_Task description_:
Though the entries contain pictures, the copy you make should hold only the rest, exactly as written.

Data items:
========================================

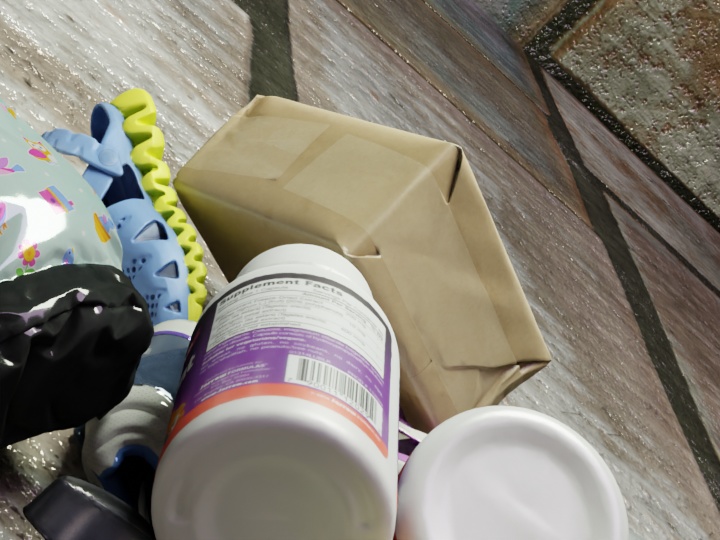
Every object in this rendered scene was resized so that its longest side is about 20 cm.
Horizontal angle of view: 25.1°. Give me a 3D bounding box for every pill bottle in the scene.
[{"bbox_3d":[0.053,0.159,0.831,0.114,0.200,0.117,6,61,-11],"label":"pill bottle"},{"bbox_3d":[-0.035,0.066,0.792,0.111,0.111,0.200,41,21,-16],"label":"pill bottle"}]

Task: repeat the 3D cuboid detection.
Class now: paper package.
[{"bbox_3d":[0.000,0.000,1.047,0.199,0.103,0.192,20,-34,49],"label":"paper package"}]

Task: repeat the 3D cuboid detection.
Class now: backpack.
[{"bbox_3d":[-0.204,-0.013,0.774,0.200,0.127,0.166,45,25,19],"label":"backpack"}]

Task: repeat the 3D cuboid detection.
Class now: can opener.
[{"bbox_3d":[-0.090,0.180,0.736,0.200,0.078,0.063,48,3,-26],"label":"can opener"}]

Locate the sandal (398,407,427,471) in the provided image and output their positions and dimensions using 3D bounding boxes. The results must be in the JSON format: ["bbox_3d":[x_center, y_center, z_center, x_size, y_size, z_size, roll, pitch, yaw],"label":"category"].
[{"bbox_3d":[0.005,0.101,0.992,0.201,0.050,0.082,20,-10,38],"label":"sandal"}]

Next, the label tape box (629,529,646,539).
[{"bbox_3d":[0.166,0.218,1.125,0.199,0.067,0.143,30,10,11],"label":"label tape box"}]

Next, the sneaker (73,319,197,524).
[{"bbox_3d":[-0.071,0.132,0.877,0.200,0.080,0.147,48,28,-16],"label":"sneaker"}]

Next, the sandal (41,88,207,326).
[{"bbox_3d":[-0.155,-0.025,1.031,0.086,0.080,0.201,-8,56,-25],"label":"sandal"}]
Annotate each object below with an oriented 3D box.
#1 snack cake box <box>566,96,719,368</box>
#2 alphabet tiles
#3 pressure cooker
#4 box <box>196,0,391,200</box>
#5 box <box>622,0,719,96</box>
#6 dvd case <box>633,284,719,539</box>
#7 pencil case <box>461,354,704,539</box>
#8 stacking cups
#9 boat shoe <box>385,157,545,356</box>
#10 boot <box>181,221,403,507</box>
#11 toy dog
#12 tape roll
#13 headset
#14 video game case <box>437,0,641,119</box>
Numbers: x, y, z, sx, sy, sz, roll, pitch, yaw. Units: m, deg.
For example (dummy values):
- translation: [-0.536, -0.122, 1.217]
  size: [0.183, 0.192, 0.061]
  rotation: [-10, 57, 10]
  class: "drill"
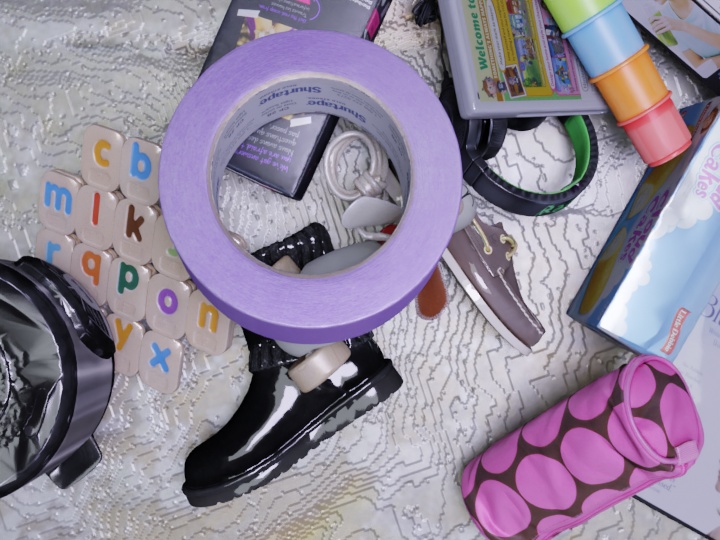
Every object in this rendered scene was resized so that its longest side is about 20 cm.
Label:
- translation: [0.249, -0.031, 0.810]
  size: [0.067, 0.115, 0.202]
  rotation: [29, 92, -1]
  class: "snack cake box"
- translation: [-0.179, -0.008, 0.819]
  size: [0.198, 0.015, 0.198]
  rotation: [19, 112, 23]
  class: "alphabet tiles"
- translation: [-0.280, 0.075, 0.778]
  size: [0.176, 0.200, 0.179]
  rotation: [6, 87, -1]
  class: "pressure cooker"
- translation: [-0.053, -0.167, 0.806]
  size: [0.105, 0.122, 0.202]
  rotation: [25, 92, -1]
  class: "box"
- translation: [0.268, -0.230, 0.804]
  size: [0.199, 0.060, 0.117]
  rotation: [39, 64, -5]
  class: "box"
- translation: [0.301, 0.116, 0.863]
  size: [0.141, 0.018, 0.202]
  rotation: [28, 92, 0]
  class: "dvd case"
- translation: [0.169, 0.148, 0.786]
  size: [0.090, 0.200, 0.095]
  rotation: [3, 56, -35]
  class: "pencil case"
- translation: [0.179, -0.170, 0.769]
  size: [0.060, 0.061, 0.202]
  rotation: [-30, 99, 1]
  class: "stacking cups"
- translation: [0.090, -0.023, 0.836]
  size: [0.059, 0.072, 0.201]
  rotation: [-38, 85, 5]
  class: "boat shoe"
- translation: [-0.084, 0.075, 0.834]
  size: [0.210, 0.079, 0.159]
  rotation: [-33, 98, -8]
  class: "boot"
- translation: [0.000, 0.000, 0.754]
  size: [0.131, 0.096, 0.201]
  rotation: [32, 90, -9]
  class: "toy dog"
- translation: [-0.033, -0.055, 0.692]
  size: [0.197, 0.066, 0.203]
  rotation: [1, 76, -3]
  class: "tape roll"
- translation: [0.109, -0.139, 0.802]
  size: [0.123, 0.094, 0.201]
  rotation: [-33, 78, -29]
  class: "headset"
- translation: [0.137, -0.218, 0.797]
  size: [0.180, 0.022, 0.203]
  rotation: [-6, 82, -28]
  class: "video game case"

========================================

_Your solution_:
Every object in this rendered scene was resized so that its longest side is about 20 cm.
Horizontal angle of view: 25.1°. Give me a 3D bounding box for every pill bottle in the scene.
[{"bbox_3d":[0.053,0.159,0.831,0.114,0.200,0.117,6,61,-11],"label":"pill bottle"},{"bbox_3d":[-0.035,0.066,0.792,0.111,0.111,0.200,41,21,-16],"label":"pill bottle"}]

Task: repeat the 3D cuboid detection.
Class now: paper package.
[{"bbox_3d":[0.000,0.000,1.047,0.199,0.103,0.192,20,-34,49],"label":"paper package"}]

Task: repeat the 3D cuboid detection.
Class now: backpack.
[{"bbox_3d":[-0.204,-0.013,0.774,0.200,0.127,0.166,45,25,19],"label":"backpack"}]

Task: repeat the 3D cuboid detection.
Class now: can opener.
[{"bbox_3d":[-0.090,0.180,0.736,0.200,0.078,0.063,48,3,-26],"label":"can opener"}]

Locate the sandal (398,407,427,471) in the provided image and output their positions and dimensions using 3D bounding boxes. The results must be in the JSON format: ["bbox_3d":[x_center, y_center, z_center, x_size, y_size, z_size, roll, pitch, yaw],"label":"category"].
[{"bbox_3d":[0.005,0.101,0.992,0.201,0.050,0.082,20,-10,38],"label":"sandal"}]

Next, the label tape box (629,529,646,539).
[{"bbox_3d":[0.166,0.218,1.125,0.199,0.067,0.143,30,10,11],"label":"label tape box"}]

Next, the sneaker (73,319,197,524).
[{"bbox_3d":[-0.071,0.132,0.877,0.200,0.080,0.147,48,28,-16],"label":"sneaker"}]

Next, the sandal (41,88,207,326).
[{"bbox_3d":[-0.155,-0.025,1.031,0.086,0.080,0.201,-8,56,-25],"label":"sandal"}]
Annotate each object below with an oriented 3D box.
#1 snack cake box <box>566,96,719,368</box>
#2 alphabet tiles
#3 pressure cooker
#4 box <box>196,0,391,200</box>
#5 box <box>622,0,719,96</box>
#6 dvd case <box>633,284,719,539</box>
#7 pencil case <box>461,354,704,539</box>
#8 stacking cups
#9 boat shoe <box>385,157,545,356</box>
#10 boot <box>181,221,403,507</box>
#11 toy dog
#12 tape roll
#13 headset
#14 video game case <box>437,0,641,119</box>
Numbers: x, y, z, sx, sy, sz, roll, pitch, yaw. Units: m, deg.
For example (dummy values):
- translation: [-0.536, -0.122, 1.217]
  size: [0.183, 0.192, 0.061]
  rotation: [-10, 57, 10]
  class: "drill"
Every object in this rendered scene was resized so that its longest side is about 20 cm.
Label:
- translation: [0.249, -0.031, 0.810]
  size: [0.067, 0.115, 0.202]
  rotation: [29, 92, -1]
  class: "snack cake box"
- translation: [-0.179, -0.008, 0.819]
  size: [0.198, 0.015, 0.198]
  rotation: [19, 112, 23]
  class: "alphabet tiles"
- translation: [-0.280, 0.075, 0.778]
  size: [0.176, 0.200, 0.179]
  rotation: [6, 87, -1]
  class: "pressure cooker"
- translation: [-0.053, -0.167, 0.806]
  size: [0.105, 0.122, 0.202]
  rotation: [25, 92, -1]
  class: "box"
- translation: [0.268, -0.230, 0.804]
  size: [0.199, 0.060, 0.117]
  rotation: [39, 64, -5]
  class: "box"
- translation: [0.301, 0.116, 0.863]
  size: [0.141, 0.018, 0.202]
  rotation: [28, 92, 0]
  class: "dvd case"
- translation: [0.169, 0.148, 0.786]
  size: [0.090, 0.200, 0.095]
  rotation: [3, 56, -35]
  class: "pencil case"
- translation: [0.179, -0.170, 0.769]
  size: [0.060, 0.061, 0.202]
  rotation: [-30, 99, 1]
  class: "stacking cups"
- translation: [0.090, -0.023, 0.836]
  size: [0.059, 0.072, 0.201]
  rotation: [-38, 85, 5]
  class: "boat shoe"
- translation: [-0.084, 0.075, 0.834]
  size: [0.210, 0.079, 0.159]
  rotation: [-33, 98, -8]
  class: "boot"
- translation: [0.000, 0.000, 0.754]
  size: [0.131, 0.096, 0.201]
  rotation: [32, 90, -9]
  class: "toy dog"
- translation: [-0.033, -0.055, 0.692]
  size: [0.197, 0.066, 0.203]
  rotation: [1, 76, -3]
  class: "tape roll"
- translation: [0.109, -0.139, 0.802]
  size: [0.123, 0.094, 0.201]
  rotation: [-33, 78, -29]
  class: "headset"
- translation: [0.137, -0.218, 0.797]
  size: [0.180, 0.022, 0.203]
  rotation: [-6, 82, -28]
  class: "video game case"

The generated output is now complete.